Figure 1. An overview of the methodology.

Figure 1

(A). Identification of survival-related subnetwork biomarkers. First, molecular features (CNV, mRNA, DNA methylation) and clinical variables from 119 TNBC patients were collected as the core set. Next, multivariate cox model was used to select hazard factors (644 CNV, 383 mRNA, 623 DNA methylation) filtered by likelihood ratio test p-value < 0.05, which represented the significance of each molecular feature correlated with patient overall survival adjusted for age. Furthermore, the heat score for each gene was calculated as the negative sum of the natural logarithm of the single molecular feature p-values (Red: high score; Yellow: low score) to evaluate the collaborative effect of different molecular features on patient overall survival.
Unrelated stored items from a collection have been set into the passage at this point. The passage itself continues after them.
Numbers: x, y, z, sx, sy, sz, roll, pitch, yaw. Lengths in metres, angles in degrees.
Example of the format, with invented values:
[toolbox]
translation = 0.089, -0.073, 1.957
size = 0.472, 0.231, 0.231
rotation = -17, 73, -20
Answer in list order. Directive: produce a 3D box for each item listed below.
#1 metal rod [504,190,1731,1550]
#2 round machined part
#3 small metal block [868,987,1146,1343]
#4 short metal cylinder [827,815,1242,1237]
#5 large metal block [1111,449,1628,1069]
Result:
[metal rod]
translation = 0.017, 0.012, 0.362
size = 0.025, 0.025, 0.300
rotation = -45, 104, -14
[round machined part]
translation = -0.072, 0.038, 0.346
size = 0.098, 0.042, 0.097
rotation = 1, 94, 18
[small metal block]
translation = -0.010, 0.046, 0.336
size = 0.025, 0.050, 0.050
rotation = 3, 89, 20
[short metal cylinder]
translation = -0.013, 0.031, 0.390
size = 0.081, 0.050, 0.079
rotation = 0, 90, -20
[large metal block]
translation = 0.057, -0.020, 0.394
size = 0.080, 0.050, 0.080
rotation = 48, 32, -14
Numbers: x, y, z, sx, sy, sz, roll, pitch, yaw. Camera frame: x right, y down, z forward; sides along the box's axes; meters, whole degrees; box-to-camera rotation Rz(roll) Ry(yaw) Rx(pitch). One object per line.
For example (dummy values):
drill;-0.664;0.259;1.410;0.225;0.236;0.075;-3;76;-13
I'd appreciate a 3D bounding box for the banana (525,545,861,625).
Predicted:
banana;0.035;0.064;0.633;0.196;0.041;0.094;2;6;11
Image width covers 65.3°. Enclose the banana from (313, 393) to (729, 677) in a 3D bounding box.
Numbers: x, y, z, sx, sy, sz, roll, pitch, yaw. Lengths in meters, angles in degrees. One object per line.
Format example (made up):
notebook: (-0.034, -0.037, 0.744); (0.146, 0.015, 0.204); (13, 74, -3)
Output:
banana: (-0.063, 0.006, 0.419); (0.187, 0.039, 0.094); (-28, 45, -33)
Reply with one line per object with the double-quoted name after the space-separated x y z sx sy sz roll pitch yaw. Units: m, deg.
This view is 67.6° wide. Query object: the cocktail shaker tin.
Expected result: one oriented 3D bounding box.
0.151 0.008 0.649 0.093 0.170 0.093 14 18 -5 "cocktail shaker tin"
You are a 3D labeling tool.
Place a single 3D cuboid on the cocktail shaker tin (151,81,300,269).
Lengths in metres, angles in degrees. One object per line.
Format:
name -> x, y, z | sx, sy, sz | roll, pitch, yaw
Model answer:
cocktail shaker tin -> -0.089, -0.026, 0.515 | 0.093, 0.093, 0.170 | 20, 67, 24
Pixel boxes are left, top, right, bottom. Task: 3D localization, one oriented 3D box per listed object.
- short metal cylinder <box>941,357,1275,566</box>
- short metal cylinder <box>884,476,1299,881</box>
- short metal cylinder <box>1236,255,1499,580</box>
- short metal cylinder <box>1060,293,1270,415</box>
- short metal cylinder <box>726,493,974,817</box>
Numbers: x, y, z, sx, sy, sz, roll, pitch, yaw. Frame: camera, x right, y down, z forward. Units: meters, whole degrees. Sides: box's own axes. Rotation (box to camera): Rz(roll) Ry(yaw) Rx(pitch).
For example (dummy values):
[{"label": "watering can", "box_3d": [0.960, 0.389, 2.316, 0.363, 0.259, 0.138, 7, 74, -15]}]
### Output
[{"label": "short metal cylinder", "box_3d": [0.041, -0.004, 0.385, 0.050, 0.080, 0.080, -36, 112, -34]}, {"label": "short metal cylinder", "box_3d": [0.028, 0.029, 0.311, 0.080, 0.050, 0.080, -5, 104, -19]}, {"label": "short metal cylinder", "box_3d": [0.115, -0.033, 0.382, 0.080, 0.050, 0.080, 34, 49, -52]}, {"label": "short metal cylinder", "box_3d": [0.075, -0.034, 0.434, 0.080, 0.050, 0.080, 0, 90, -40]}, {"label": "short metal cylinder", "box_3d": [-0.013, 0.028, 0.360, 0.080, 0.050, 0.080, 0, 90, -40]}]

Subnetworks were identified using HotNet2 algorithm in three PPI networks using a heat diffusion process and a statistical test based on both the score of the genes and the local topology of the subnetwork. (B). Evaluation of the multi-dimensional subnetwork-derived prognostic models. Monte Carlo cross-validation and C-index were applied to assess the predictive power of each subnetwork signature. During each of the 100 times of random splitting, 80% of the total samples were used to train the model and the remaining of 20% were used as the test set for C-index calculation. C-index > 0.5 and permutation test p < 0.05 were applied as the filtering criteria. C-index for each subnetwork was plotted with the median in the center and the whiskers marking the 25% and 75% percentile. The vertical black line marked the C-index equivalent to a random guess (C-index = 0.5).